The table below summarizes dataset sizes, temporal resolution, spatial resolution, and observed modalities.

Dataset n_traj n_frame \(\Delta t\) (s) Resolution (sim) Resolution (real) Memory (GB) Modalities (sim) Modalities (real)
Cylinder 92 × 2 3990 \(2.5\times 10^{-3}\) 64×128 128×256 190.50 \(u,v,p\) \(u,v\)
Controlled Cylinder 96 × 2 3990 \(2.5\times 10^{-3}\) 64×128 128×256 187.08 \(u,v,p\) \(u,v\)
FSI 51 × 2 2173 \(2.0\times 10^{-3}\) 128×128 128×128 94.73 \(u,v,p\) \(u,v\)
Foil 99 × 2 3990 \(2.5\times 10^{-3}\) 128×256 128×256 335.64 \(u,v,p\) \(u,v\)
Combustion 30 × 2 2001 \(2.5\times 10^{-4}\) 128×128 128×128 110.12 multi-modal (15 channels) \(I\)

Note

We use n_traj = X × 2 to indicate paired trajectories: X real-world and X numerical trajectories for the same scenario.

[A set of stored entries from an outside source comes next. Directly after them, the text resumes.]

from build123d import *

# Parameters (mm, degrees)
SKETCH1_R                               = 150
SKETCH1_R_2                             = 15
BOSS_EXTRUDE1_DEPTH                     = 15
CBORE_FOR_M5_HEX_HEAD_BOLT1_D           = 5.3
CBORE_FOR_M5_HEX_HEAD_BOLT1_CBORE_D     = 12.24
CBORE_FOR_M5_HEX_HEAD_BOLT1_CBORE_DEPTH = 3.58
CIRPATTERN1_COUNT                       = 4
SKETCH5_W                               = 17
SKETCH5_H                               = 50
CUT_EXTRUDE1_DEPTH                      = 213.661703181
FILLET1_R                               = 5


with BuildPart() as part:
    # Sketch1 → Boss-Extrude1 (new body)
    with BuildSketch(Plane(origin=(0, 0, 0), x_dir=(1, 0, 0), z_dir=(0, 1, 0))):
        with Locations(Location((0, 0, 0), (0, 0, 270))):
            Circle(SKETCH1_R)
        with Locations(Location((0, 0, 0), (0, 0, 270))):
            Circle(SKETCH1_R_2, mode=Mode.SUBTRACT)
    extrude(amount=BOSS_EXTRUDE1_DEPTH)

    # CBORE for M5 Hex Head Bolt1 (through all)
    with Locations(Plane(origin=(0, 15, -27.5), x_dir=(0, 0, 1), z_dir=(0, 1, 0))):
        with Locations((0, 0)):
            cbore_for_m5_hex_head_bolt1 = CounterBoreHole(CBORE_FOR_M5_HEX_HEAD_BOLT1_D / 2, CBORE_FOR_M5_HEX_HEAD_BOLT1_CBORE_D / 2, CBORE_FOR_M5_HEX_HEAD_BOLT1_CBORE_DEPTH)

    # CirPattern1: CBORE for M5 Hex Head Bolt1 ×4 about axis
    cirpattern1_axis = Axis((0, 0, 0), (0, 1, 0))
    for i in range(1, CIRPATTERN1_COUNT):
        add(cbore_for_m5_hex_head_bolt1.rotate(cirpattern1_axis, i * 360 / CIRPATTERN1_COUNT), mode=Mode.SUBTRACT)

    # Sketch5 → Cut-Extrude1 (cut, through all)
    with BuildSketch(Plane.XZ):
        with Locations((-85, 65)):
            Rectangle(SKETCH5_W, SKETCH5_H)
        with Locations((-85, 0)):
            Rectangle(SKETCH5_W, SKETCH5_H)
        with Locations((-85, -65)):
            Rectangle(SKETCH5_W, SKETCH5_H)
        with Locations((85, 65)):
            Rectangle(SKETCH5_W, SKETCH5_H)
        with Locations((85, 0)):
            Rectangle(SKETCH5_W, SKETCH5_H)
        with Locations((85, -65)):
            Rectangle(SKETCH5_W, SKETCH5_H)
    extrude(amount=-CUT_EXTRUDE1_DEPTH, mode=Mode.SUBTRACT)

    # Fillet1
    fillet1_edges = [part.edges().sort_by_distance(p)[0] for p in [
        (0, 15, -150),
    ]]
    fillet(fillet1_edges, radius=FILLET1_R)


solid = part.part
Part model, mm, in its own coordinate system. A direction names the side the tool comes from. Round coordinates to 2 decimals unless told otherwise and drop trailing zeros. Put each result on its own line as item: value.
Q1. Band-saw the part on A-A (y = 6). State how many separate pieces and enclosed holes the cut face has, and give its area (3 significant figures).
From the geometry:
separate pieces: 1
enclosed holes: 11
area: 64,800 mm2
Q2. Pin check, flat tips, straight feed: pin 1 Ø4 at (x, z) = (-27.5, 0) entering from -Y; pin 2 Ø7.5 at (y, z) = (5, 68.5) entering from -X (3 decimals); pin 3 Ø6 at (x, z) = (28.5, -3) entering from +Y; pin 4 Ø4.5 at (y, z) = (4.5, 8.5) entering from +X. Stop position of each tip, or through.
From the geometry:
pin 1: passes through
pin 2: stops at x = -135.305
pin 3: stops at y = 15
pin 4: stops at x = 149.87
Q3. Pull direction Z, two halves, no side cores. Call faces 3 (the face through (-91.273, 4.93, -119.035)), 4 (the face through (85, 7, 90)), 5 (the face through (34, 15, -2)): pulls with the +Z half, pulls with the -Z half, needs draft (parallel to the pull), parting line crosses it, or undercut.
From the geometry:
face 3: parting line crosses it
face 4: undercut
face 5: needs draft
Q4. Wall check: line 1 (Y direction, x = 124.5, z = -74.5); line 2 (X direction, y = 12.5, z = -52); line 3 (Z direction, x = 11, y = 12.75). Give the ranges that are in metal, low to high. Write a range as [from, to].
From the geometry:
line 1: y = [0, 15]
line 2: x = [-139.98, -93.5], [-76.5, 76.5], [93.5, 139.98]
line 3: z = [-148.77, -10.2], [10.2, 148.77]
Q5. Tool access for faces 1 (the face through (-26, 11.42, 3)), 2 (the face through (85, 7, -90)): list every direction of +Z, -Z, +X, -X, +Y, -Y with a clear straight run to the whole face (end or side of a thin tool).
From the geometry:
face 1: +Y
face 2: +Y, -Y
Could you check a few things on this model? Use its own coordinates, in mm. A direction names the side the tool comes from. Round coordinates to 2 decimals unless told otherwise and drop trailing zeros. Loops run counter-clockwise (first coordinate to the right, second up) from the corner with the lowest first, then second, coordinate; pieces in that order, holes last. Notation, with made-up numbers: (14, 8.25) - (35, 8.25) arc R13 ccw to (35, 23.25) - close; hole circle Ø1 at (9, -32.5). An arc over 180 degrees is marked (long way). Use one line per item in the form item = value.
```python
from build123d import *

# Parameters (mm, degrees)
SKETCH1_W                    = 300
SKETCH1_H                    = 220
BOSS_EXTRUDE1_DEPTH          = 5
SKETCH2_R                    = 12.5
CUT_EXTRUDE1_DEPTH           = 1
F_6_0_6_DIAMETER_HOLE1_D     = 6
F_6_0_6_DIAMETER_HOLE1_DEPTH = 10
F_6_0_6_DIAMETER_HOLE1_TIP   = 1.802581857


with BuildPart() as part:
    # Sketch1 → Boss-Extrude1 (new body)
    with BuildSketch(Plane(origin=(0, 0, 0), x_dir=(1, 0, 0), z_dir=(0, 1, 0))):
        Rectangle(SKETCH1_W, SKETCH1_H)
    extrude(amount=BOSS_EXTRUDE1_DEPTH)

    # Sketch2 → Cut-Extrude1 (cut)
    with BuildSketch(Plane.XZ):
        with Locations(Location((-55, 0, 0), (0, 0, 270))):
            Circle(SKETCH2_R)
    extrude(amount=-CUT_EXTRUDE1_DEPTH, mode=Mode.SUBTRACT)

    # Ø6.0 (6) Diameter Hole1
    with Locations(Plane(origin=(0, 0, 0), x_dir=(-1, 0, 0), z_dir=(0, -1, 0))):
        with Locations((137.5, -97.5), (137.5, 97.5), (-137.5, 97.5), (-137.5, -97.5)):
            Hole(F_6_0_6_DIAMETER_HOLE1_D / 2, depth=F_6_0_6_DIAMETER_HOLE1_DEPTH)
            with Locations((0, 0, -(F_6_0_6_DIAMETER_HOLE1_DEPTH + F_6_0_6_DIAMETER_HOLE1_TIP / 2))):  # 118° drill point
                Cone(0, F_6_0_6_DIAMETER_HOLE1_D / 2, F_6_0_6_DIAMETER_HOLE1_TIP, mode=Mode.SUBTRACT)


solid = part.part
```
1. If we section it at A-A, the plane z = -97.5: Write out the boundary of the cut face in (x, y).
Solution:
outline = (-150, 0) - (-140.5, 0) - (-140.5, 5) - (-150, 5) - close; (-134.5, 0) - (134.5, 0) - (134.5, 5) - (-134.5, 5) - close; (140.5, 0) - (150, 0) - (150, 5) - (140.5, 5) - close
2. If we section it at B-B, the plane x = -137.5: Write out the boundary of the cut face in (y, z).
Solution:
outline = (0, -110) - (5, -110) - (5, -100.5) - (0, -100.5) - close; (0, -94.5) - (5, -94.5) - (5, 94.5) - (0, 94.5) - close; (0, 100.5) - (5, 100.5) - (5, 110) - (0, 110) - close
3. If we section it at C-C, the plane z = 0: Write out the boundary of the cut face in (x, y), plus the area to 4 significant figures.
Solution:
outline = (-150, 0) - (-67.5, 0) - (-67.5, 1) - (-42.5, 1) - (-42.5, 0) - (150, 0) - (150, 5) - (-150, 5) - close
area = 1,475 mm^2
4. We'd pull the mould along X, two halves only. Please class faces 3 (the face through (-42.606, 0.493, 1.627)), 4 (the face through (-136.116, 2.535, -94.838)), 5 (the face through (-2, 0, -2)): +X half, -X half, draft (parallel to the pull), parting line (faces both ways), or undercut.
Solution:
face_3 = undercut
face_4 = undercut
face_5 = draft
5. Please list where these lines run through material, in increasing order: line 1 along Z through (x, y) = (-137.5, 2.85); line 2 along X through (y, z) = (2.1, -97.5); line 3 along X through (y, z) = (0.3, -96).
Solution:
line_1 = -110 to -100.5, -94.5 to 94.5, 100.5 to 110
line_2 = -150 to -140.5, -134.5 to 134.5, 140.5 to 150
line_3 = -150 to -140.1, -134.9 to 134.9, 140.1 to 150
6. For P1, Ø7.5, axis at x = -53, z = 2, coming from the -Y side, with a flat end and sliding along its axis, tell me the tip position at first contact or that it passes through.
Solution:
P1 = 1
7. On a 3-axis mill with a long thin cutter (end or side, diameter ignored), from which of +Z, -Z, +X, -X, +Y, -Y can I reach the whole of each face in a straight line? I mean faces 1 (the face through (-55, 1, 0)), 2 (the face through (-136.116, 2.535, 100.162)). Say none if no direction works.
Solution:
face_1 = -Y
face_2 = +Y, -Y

Windowing: sim_id + time_id

RealPDEBench evaluates forecasting on short spatiotemporal windows sampled from long trajectories:

  • Trajectory ID (sim_id): trajectory identifier string (e.g., 1800, 1781_0.5, 40NH3_1.1)
  • Window start (time_id): integer time index
  • One sample: a contiguous window data[time_id : time_id + T], where \(T\) is the window length (in_step + out_step)

Public distribution format (Hugging Face snapshot)

We distribute data as Hugging Face Datasets (Arrow) shards. On disk, a downloaded snapshot is organized as:

{dataset_root}/
  {scenario}/
    hf_dataset/
      real_train/ ...
      real_val/ ...
      real_test/ ...
      numerical_train/ ...
      numerical_val/ ...
      numerical_test/ ...
    in_dist_test_params_real.json
    out_dist_test_params_real.json
    remain_params_real.json
    in_dist_test_params_numerical.json
    out_dist_test_params_numerical.json
    remain_params_numerical.json

The *_test_params_*.json files are used for test_mode filtering ("in_dist/out_dist/seen/unseen") during validation/testing.

Evaluation subsets (JSON mappings)

The *_test_params_*.json files define evaluation subsets used by test_mode filters:

  • in_dist: in-distribution parameter settings
  • out_dist: out-of-distribution parameter settings
  • seen: settings used for training (held-out time windows)
  • unseen: settings not used for training

HF Arrow schema (high level)

  • Fluid scenarios (Cylinder / Controlled Cylinder / FSI / Foil)
  • sim_id (string), time_id (int)
  • u (bytes), v (bytes), p (bytes; numerical only)
  • shape_t, shape_h, shape_w (int)

  • Combustion

  • sim_id (string), time_id (int)
  • observed (bytes) — real-world intensity \(I\) (real) or surrogate intensity (numerical)
  • numerical (bytes; numerical only), numerical_channels (int; numerical only)
  • shape_t, shape_h, shape_w (int)